IT organisations have invested millions of pounds in implementing fault management tools and processes to maximise network availability. However, while availability management is critical, infrastructure reliability has improved to the point at which 99.9% availability is not uncommon. At the same time, network traffic is growing in both volume and complexity, creating performance issues. This is why real network and application improvements require focusing on performance, not just availability.
Below are eight rules that will help your organisation take a performance first approach to network management. This approach will not only help you understand how performance is impacted by infrastructure/application changes, but also enable you to manage your network for application performance, which after all, is the most important thing.
Rule 1: If you can’t measure it, you can’t manage it
Network and application performance issues are growing dramatically due to data centre consolidation, the rise of multimedia traffic, increasing numbers of remote users, and other trends.

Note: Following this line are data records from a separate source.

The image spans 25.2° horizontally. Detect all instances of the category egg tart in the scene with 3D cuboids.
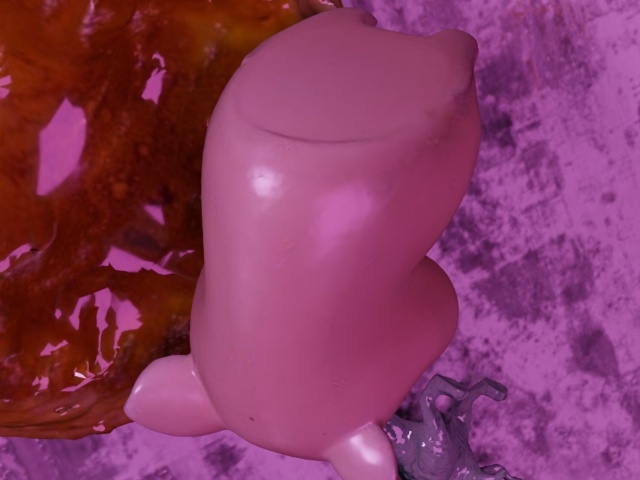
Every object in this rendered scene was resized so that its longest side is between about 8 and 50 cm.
[{"bbox_3d":[-0.179,-0.076,0.989,0.443,0.178,0.443,-9,113,-23],"label":"egg tart"}]

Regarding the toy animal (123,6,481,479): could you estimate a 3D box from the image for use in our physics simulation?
[{"bbox_3d":[0.001,0.003,0.913,0.213,0.195,0.256,-44,141,-55],"label":"toy animal"}]

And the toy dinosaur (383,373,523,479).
[{"bbox_3d":[0.090,0.141,1.248,0.129,0.076,0.383,-41,108,-1],"label":"toy dinosaur"}]
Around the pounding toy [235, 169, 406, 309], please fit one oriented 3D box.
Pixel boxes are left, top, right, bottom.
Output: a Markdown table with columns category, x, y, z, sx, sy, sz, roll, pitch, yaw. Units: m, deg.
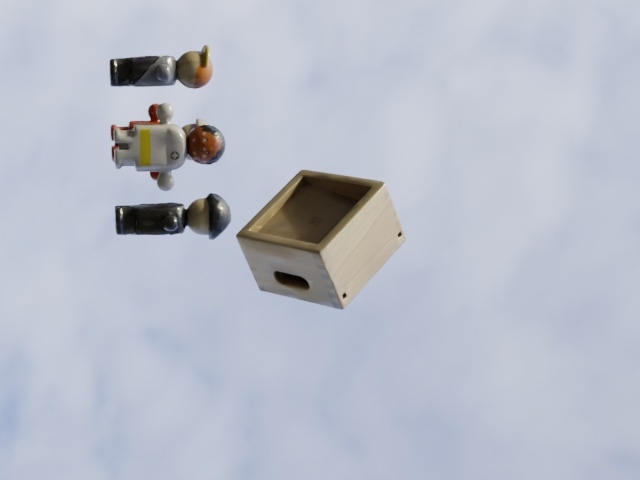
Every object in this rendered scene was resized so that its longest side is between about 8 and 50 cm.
| category | x | y | z | sx | sy | sz | roll | pitch | yaw |
| --- | --- | --- | --- | --- | --- | --- | --- | --- | --- |
| pounding toy | 0.000 | 0.000 | 1.426 | 0.141 | 0.100 | 0.130 | 11 | -135 | 40 |

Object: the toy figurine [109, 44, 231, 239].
| category | x | y | z | sx | sy | sz | roll | pitch | yaw |
| --- | --- | --- | --- | --- | --- | --- | --- | --- | --- |
| toy figurine | -0.189 | -0.121 | 1.845 | 0.148 | 0.209 | 0.213 | -2 | -131 | -9 |
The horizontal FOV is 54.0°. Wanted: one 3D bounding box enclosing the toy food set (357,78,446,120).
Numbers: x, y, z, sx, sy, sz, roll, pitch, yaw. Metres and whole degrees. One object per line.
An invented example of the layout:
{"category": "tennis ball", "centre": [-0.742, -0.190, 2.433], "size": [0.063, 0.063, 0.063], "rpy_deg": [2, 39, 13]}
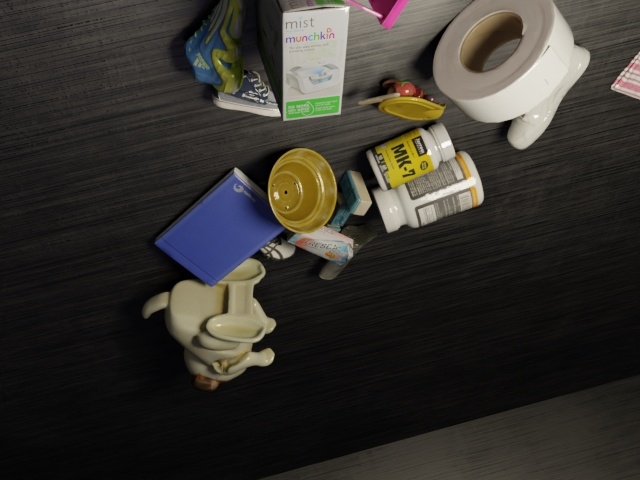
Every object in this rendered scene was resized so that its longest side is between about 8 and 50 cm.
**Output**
{"category": "toy food set", "centre": [0.207, -0.347, 1.503], "size": [0.218, 0.071, 0.128], "rpy_deg": [7, 173, -41]}

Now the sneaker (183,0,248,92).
{"category": "sneaker", "centre": [-0.215, -0.416, 1.263], "size": [0.126, 0.091, 0.240], "rpy_deg": [8, 120, -1]}

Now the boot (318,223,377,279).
{"category": "boot", "centre": [0.059, 0.040, 1.886], "size": [0.208, 0.076, 0.190], "rpy_deg": [-40, 162, 31]}

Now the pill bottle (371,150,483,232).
{"category": "pill bottle", "centre": [0.292, -0.129, 1.733], "size": [0.278, 0.162, 0.162], "rpy_deg": [-20, 141, 4]}

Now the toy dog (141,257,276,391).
{"category": "toy dog", "centre": [-0.324, 0.302, 1.923], "size": [0.395, 0.284, 0.408], "rpy_deg": [-8, 142, -11]}

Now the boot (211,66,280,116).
{"category": "boot", "centre": [-0.143, -0.334, 1.402], "size": [0.190, 0.069, 0.086], "rpy_deg": [2, 132, -19]}

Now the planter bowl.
{"category": "planter bowl", "centre": [-0.068, -0.126, 1.623], "size": [0.217, 0.217, 0.090], "rpy_deg": [20, 169, -37]}

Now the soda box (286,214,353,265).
{"category": "soda box", "centre": [0.000, 0.000, 1.704], "size": [0.183, 0.063, 0.058], "rpy_deg": [24, 139, -25]}

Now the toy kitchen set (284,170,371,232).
{"category": "toy kitchen set", "centre": [0.009, -0.084, 1.710], "size": [0.166, 0.122, 0.207], "rpy_deg": [7, 135, -27]}

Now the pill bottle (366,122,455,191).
{"category": "pill bottle", "centre": [0.235, -0.220, 1.637], "size": [0.208, 0.119, 0.119], "rpy_deg": [-24, 140, 7]}

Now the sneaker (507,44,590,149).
{"category": "sneaker", "centre": [0.520, -0.375, 1.582], "size": [0.169, 0.108, 0.292], "rpy_deg": [10, 124, -27]}

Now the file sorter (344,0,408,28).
{"category": "file sorter", "centre": [0.064, -0.547, 1.058], "size": [0.182, 0.290, 0.202], "rpy_deg": [14, 131, -29]}

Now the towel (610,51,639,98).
{"category": "towel", "centre": [0.884, -0.461, 1.665], "size": [0.144, 0.029, 0.197], "rpy_deg": [8, 135, -27]}

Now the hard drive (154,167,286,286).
{"category": "hard drive", "centre": [-0.262, -0.027, 1.693], "size": [0.319, 0.040, 0.210], "rpy_deg": [-37, 117, 23]}

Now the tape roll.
{"category": "tape roll", "centre": [0.388, -0.400, 1.351], "size": [0.286, 0.286, 0.100], "rpy_deg": [-38, 136, 23]}

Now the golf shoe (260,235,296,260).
{"category": "golf shoe", "centre": [-0.144, -0.002, 1.787], "size": [0.198, 0.077, 0.094], "rpy_deg": [12, 132, -33]}

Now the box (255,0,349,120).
{"category": "box", "centre": [-0.046, -0.404, 1.205], "size": [0.127, 0.262, 0.231], "rpy_deg": [-9, 139, -11]}
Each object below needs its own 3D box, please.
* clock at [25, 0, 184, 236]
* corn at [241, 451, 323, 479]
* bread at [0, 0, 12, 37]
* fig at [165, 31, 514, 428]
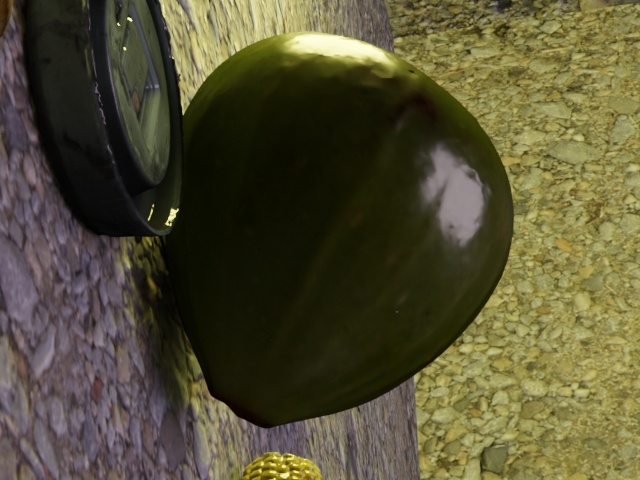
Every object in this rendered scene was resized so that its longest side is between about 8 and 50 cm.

As a result, the responsibility for application delivery is increasingly falling on the shoulders of network professionals. Measuring infrastructure availability and utilisation alone is no longer enough to understand network health and make informed management decisions.
Today’s network professionals must shift their focus from fault management - which is largely under control - to performance-based management in order to deliver better services and make themselves more relevant to the business units they serve. It is crucial for organisations to implement application service level agreements (SLAs) with baselines to measure against, providing a quantifiable goal to work towards and a way to measure progress. If you aren’t measuring performance metrics, you are managing to availability rather than performance, and in today’s IT environment, that’s not enough.
Rule 2: Performance is relative
The best way to understand the notion that all performance is relative is to ask someone who uses a networked system or application: “Is a three-second application response time good or bad?” The answer is, it depends. If the normal response time is ten seconds, a three-second response time is very good. But if the normal response time is one second or less, three seconds is not very good at all. For the same measurement, different circumstances lead directly to different interpretations.
Performance is usually based on either previous experience – ‘it took 15 seconds to download this page yesterday’ or user’s changing expectations. Employees nowadays expect their SAP or customer relationship manager (CRM) system to perform as fast as eBay’s website.
What users care most about are large variations in performance. Therefore, what should concern you most from a performance management perspective is finding and addressing the places in your network where there are large variations in performance.
Rule 3: Link utilisation is insufficient
Utilisation is not an effective metric to assess performance.
The best indication of how applications are performing for the end user is to measure response times by monitoring real traffic. High utilisation is only a problem if it actually impacts application performance. Response time measurements, not utilisation, should be the foundation for effective network performance monitoring.
Rule 4: Bandwidth doesn’t solve all your problems
Increasing bandwidth is not a panacea for solving performance problems. Make sure you understand the cause of the problem before taking corrective action like throwing bandwidth at it. Delay for example could be cause by the server, the application or even the transit path. The ability to measure the right performance metrics is key.
Rule 5: TCP’s not a utility
The network is not like turning on a faucet or plugging into an electrical outlet. Understanding and managing TCP or transmission control protocol is important to getting the most out of applications and services that depend on its reliable connection-oriented nature for transport. It is crucial that the network group responsible for application delivery work closely with application developers to help them understand how to get better performance from their applications and to better qualify their applications before they roll them out.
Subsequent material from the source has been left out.